Last week, The Association of Health Care Journalists, along with IRE and five other journalism and open-government groups, sent a letter to the U.S. Department of Agriculture calling for the release of public information about the country's food stamp program. From the AHCJ blog:
Currently, the USDA refuses to reveal how much money individual retailers make from the Supplemental Nutrition Assistance Program, better known as food stamps. Additionally, the USDA does not disclose which products are purchased with SNAP dollars or how much is spent on each product, in aggregate.
The USDA’s position runs contrary to President Obama’s promise of government transparency, and stands in sharp contrast with practices at other federal agencies. For example, the Temporary Assistance for Needy Families discloses where recipients used their EBT cards to withdraw cash assistance. A wealth of information is available about Medicare and Medicaid.

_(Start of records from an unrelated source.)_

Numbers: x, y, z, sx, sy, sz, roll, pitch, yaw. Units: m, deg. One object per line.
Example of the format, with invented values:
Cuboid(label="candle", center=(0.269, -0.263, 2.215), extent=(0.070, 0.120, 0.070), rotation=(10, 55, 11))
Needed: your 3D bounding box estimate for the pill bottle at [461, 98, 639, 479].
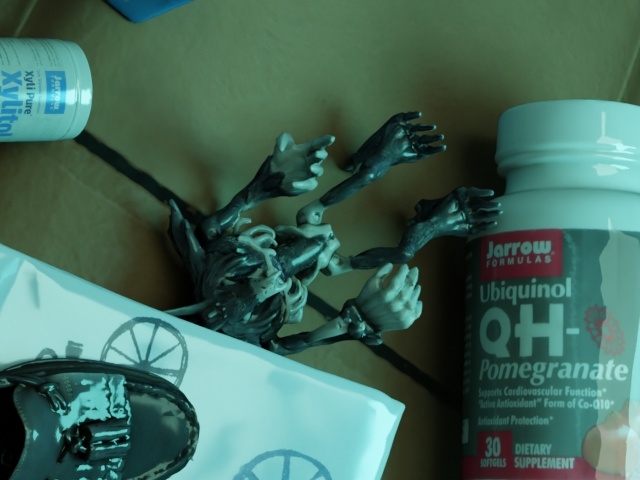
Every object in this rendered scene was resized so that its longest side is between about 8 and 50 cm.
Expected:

“With any federal program, but especially one as large as SNAP, records should be public unless there is a compelling reason to hide them,” said the letter to Agriculture Secretary Tom Vilsack, signed by AHCJ president Charles Ornstein and leaders of the Association of Food Journalists, Investigative Reporters and Editors, the National Association of Science Writers, the National Freedom of Information Coalition, the Reporters Committee for Freedom of the Press and the Society of Professional Journalists.
Also this week, the Society of Environmental Journalists is calling for greater transparency within the U.S. Environmental Protection Agency. The SEJ writes that the Obama administration has been far from transparent with the press and that the EPA is among the most opaque of agencies
"Reporters who have covered the EPA for several decades say the agency was far more media-friendly and open prior to 2000," according to the SEJ. "But media policies were substantially eroded during the administration of George W. Bush, and they’ve only gotten worse under President Obama.
"SEJ calls on the administration to streamline the handling of information and interview requests, and to allow more open and direct access to administrators, policymakers and the scientists whose research guides government decisions. We also urge EPA, Interior and Energy department administrators to hold regular news conferences, both in person and via conference call, to answer reporters’ questions on all topics."